Return On Capital Employed (ROCE): What Is It?

If you haven't worked with ROCE before, it measures the 'return' (pre-tax profit) a company generates from capital employed in its business. The formula for this calculation on Luoyang Northglass TechnologyLtd is:

Return on Capital Employed = Earnings Before Interest and Tax (EBIT) ÷ (Total Assets - Current Liabilities)

0.049 = CN¥91m ÷ (CN¥2.6b - CN¥726m) (Based on the trailing twelve months to March 2024).

So, Luoyang Northglass TechnologyLtd has an ROCE of 4.9%. In absolute terms, that's a low return but it's around the Machinery industry average of 5.6%.

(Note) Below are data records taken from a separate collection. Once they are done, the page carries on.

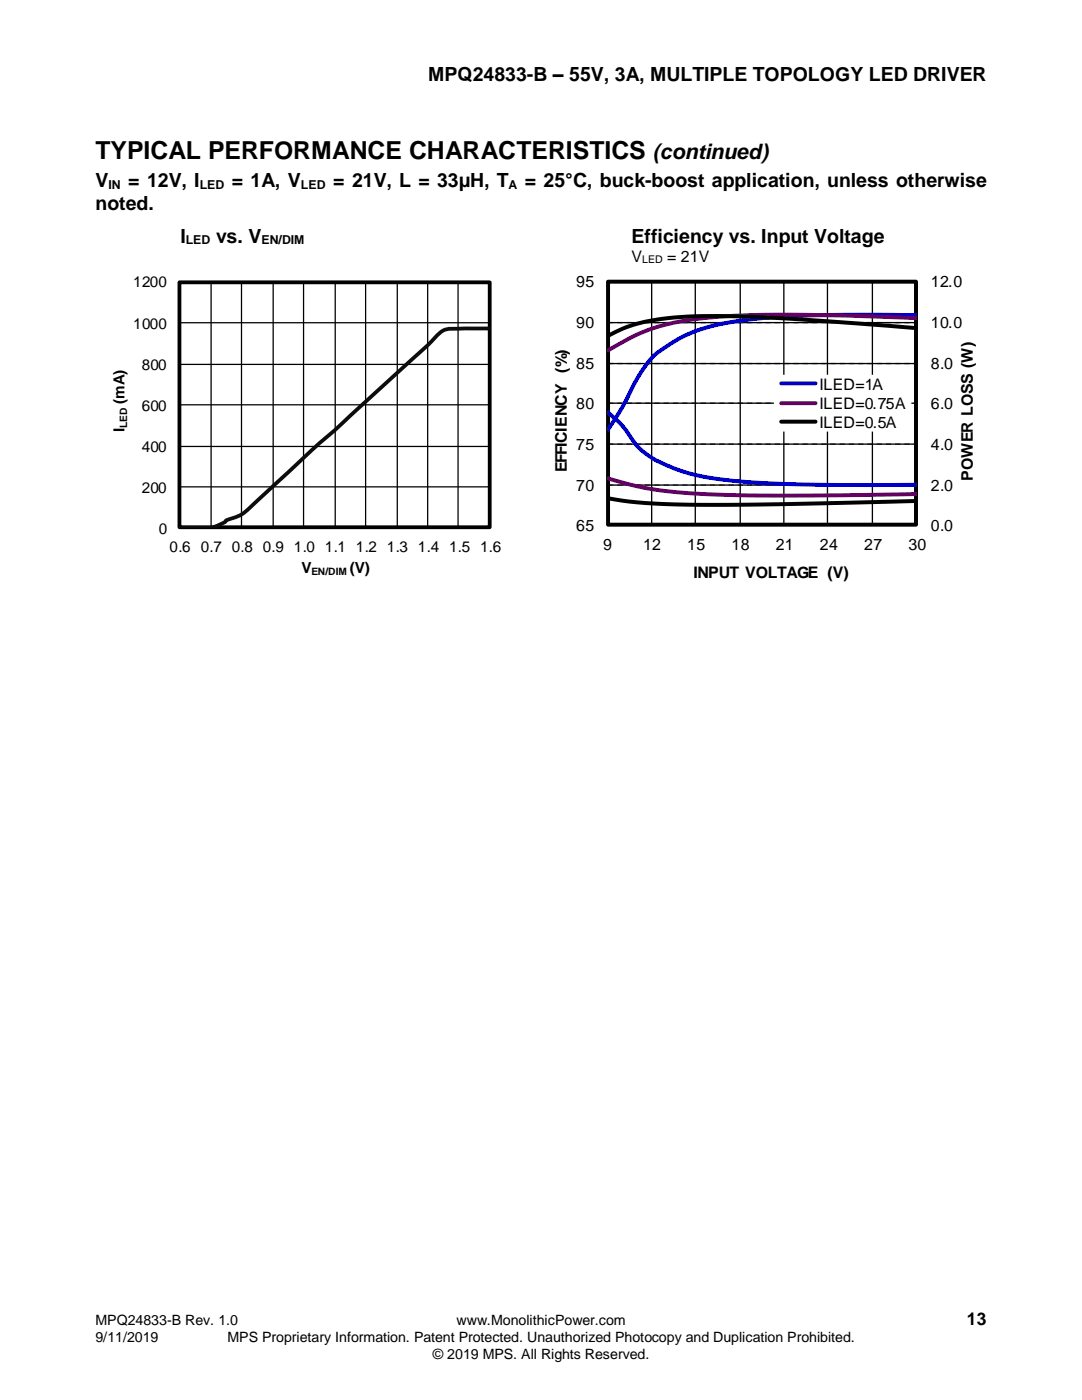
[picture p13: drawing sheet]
<svg xmlns="http://www.w3.org/2000/svg" width="216mm" height="279mm" viewBox="0 0 216 279" stroke-linecap="round" stroke-linejoin="round" font-family="sans-serif">
<defs><g id="words">
<text font-size="5" x="19" y="31.7">TYPICAL PERFORMANCE CHARACTERISTICS</text>
<text font-size="4.2" x="130.3" y="31.7">(continued)</text>
<g font-size="3.9">
<text x="85.4" y="16.3">MPQ24833-B – 55V, 3A, MULTIPLE TOPOLOGY LED DRIVER</text>
<text x="19" y="37.4">V</text>
<text x="19" y="41.8">noted.</text>
<text x="25.6" y="37.4">= 12V, I</text>
<text x="46.2" y="37.4">= 1A, V</text>
<text x="66.5" y="37.4">= 21V, L = 33µH, T</text>
<text x="104.7" y="37.4">= 25°C, buck-boost application, unless otherwise</text>
<text x="36" y="48.4">I</text>
<text x="43.1" y="48.4">vs. V</text>
<text x="126" y="48.4">Efficiency vs. Input Voltage</text>
</g>
<text font-size="3.5" x="192.9" y="264.5">13</text>
<g font-size="3.2">
<text x="126" y="52.3">V</text>
<text x="133.1" y="52.3">= 21V</text>
<text x="115" y="57.3">95</text>
<text x="185.8" y="57.3">12.0</text>
<text x="115" y="65.5">90</text>
<text x="185.8" y="65.5">10.0</text>
<text x="115" y="73.6">85</text>
<text x="163.5" y="77.8">ILED=1A</text>
<text x="185.8" y="73.6">8.0</text>
<text x="115" y="81.7">80</text>
<text x="163.5" y="81.6">ILED=0.75A</text>
<text x="185.8" y="81.7">6.0</text>
<text x="115" y="89.8">75</text>
<text x="163.5" y="85.4">ILED=0.5A</text>
<text x="185.8" y="89.8">4.0</text>
<text x="113.1" y="94.2" transform="rotate(-90 113.1 94.2)">EFFICIENCY (%)</text>
<text x="194.1" y="95.9" transform="rotate(-90 194.1 95.9)">POWER LOSS (W)</text>
<text x="115" y="97.9">70</text>
<text x="185.8" y="97.9">2.0</text>
<text x="115" y="106">65</text>
<text x="185.8" y="106">0.0</text>
<text x="120.4" y="109.8">9</text>
<text x="128.3" y="109.8">12</text>
<text x="137.1" y="109.8">15</text>
<text x="146" y="109.8">18</text>
<text x="154.8" y="109.8">21</text>
<text x="163.6" y="109.8">24</text>
<text x="172.4" y="109.8">27</text>
<text x="181.3" y="109.8">30</text>
<text x="138.4" y="115.4">INPUT VOLTAGE (V)</text>
</g>
<g font-size="3">
<text x="26.6" y="57.4">1200</text>
<text x="26.6" y="65.6">1000</text>
<text x="28.3" y="73.8">800</text>
<text x="24.8" y="80.6" transform="rotate(-90 24.8 80.6)">(mA)</text>
<text x="28.3" y="82">600</text>
<text x="24.8" y="86.2" transform="rotate(-90 24.8 86.2)">I</text>
<text x="28.3" y="90.2">400</text>
<text x="28.3" y="98.3">200</text>
<text x="31.7" y="106.5">0</text>
<text x="33.9" y="110.2">0.6</text>
<text x="40" y="110.2">0.7</text>
<text x="46.2" y="110.2">0.8</text>
<text x="52.4" y="110.2">0.9</text>
<text x="58.6" y="110.2">1.0</text>
<text x="64.8" y="110.2">1.1</text>
<text x="71" y="110.2">1.2</text>
<text x="77.2" y="110.2">1.3</text>
<text x="83.4" y="110.2">1.4</text>
<text x="89.6" y="110.2">1.5</text>
<text x="95.8" y="110.2">1.6</text>
<text x="60.1" y="114.3">V</text>
<text x="69.8" y="114.3">(V)</text>
</g>
<g font-size="2.8">
<text x="19" y="264.5">MPQ24833-B Rev. 1.0</text>
<text x="19" y="267.9">9/11/2019</text>
<text x="45.4" y="267.9">MPS Proprietary Information. Patent Protected. Unauthorized Photocopy and Duplication Prohibited.</text>
<text x="91.1" y="264.5">www.MonolithicPower.com</text>
<text x="86.4" y="271.1">© 2019 MPS. All Rights Reserved.</text>
</g>
<g font-size="2.5">
<text x="21.6" y="37.7">IN</text>
<text x="39.9" y="37.7">LED</text>
<text x="60" y="37.7">LED</text>
<text x="101.4" y="37.7">A</text>
<text x="37.1" y="48.8">LED</text>
<text x="52.2" y="48.8">EN/DIM</text>
</g>
<text font-size="2.1" x="128.1" y="52.5">LED</text>
<g font-size="2">
<text x="25.4" y="85.4" transform="rotate(-90 25.4 85.4)">LED</text>
<text x="62.2" y="114.9">EN/DIM</text>
</g>
</g></defs>
<g fill="none" stroke="#000" stroke-width=".25">
<path d="M35.8 56.3h61.9v48.9h-61.9zM42.1 56.3v48.9M48.2 56.3v48.9M54.5 56.3v48.9M60.6 56.3v48.9M66.9 56.3v48.9M73 56.3v48.9M79.3 56.3v48.9M85.3 56.3v48.9M91.4 56.3v48.9M35.8 64.4h61.9M35.8 72.7h61.9"/>
<path d="M35.8 80.8h61.9M35.8 89.1h61.9M35.8 97.2h61.9"/>
</g>
<path d="M35.8 56.3h61.9v48.9h-61.9z" fill="none" stroke="#000" stroke-width=".76" stroke-linecap="butt"/>
<path d="M97.9 65.6h-5.5a13.1 13.1 0 0 0-4 .4l-.9 .6-2.2 2.3-18.5 17-4 3.4-11.4 10.6a11.5 11.5 0 0 1-5.4 3.6 1.24 1.24 0 0 0-1.1 .7 7.4 7.4 0 0 1-5.2 1.1h-4.1" fill="none" stroke="#0d0d0d" stroke-width=".76"/>
<path d="M121.3 56.2h61.5M121.3 64.4h61.5M121.3 72.6h61.5M121.3 80.5h61.5M121.3 88.6h61.5M121.3 96.8h61.5M121.3 104.7h61.5" fill="none" stroke="#333f50" stroke-width=".26" stroke-dasharray="1.1 .8" stroke-linecap="butt"/>
<path d="M121.3 56.2h61.5v48.5h-61.5zM130 56.2v48.5M138.7 56.2v48.5M147.7 56.2v48.5M156.4 56.2v48.5M165.1 56.2v48.5M174.1 56.2v48.5M121.3 64.4h61.5M121.3 72.6h61.5M121.3 80.5h61.5M121.3 88.6h61.5M121.3 96.8h61.5" fill="none" stroke="#000" stroke-width=".26"/>
<path d="M121.3 56.2h61.5v48.5h-61.5z" fill="none" stroke="#000" stroke-width=".79" stroke-linecap="butt"/>
<path d="M182.8 62.9l-9.8-.1-11.2 .1-7.8 .4-5.8 .6a32.2 32.2 0 0 0-17.1 6.6 27.6 27.6 0 0 0-6.1 9.3l-1.2 2.1-2.5 3.8M121.3 82.3l.4 .4a17.7 17.7 0 0 1 4.6 5.3 17.7 17.7 0 0 0 8.7 5.7 61.1 61.1 0 0 0 17.1 2.7l12.6 .4 18.1-.1" fill="none" stroke="#00c" stroke-width=".79"/>
<path d="M182.8 63.5l-14.2-.5-13.1-.2-8.3 .2-7.3 .6a39.1 39.1 0 0 0-18.6 6.3M121.3 95.5l2.5 .7a86.2 86.2 0 0 0 21.9 2.6l14.2 .1 22.9-.3" fill="none" stroke="#606" stroke-width=".79"/>
<path d="M182.8 65.5l-18.6-1.4-12.6-.8-8.3-.2-6.9 .1a34.1 34.1 0 0 0-15.1 3.8M121.3 99.4l3.4 .6 3.9 .4 10.8 .3 17-.1 26.4-.6" fill="none" stroke="#000" stroke-width=".79"/>
<path d="M154.4 74.8h27.5v11.3h-27.5z" fill-rule="evenodd" fill="#fff"/>
<path d="M155.9 76.5h6.8" fill="none" stroke="#00c" stroke-width=".79"/>
<path d="M155.9 80.5h6.8" fill="none" stroke="#606" stroke-width=".79"/>
<path d="M155.9 84.2h6.8" fill="none" stroke="#000" stroke-width=".79"/>
<use href="#words"/>
</svg>

View our latest analysis for Luoyang Northglass TechnologyLtd

roce
SZSE:002613 Return on Capital Employed June 7th 2024

Historical performance is a great place to start when researching a stock so above you can see the gauge for Luoyang Northglass TechnologyLtd's ROCE against it's prior returns. If you want to delve into the historical earnings , check out these free graphs detailing revenue and cash flow performance of Luoyang Northglass TechnologyLtd.

How Are Returns Trending?

We're delighted to see that Luoyang Northglass TechnologyLtd is reaping rewards from its investments and has now broken into profitability. While the business was unprofitable in the past, it's now turned things around and is earning 4.9% on its capital. Interestingly, the capital employed by the business has remained relatively flat, so these higher returns are either from prior investments paying off or increased efficiencies. That being said, while an increase in efficiency is no doubt appealing, it'd be helpful to know if the company does have any investment plans going forward. Because in the end, a business can only get so efficient.

In Conclusion...

As discussed above, Luoyang Northglass TechnologyLtd appears to be getting more proficient at generating returns since capital employed has remained flat but earnings (before interest and tax) are up. Since the stock has only returned 18% to shareholders over the last five years, the promising fundamentals may not be recognized yet by investors. Given that, we'd look further into this stock in case it has more traits that could make it multiply in the long term.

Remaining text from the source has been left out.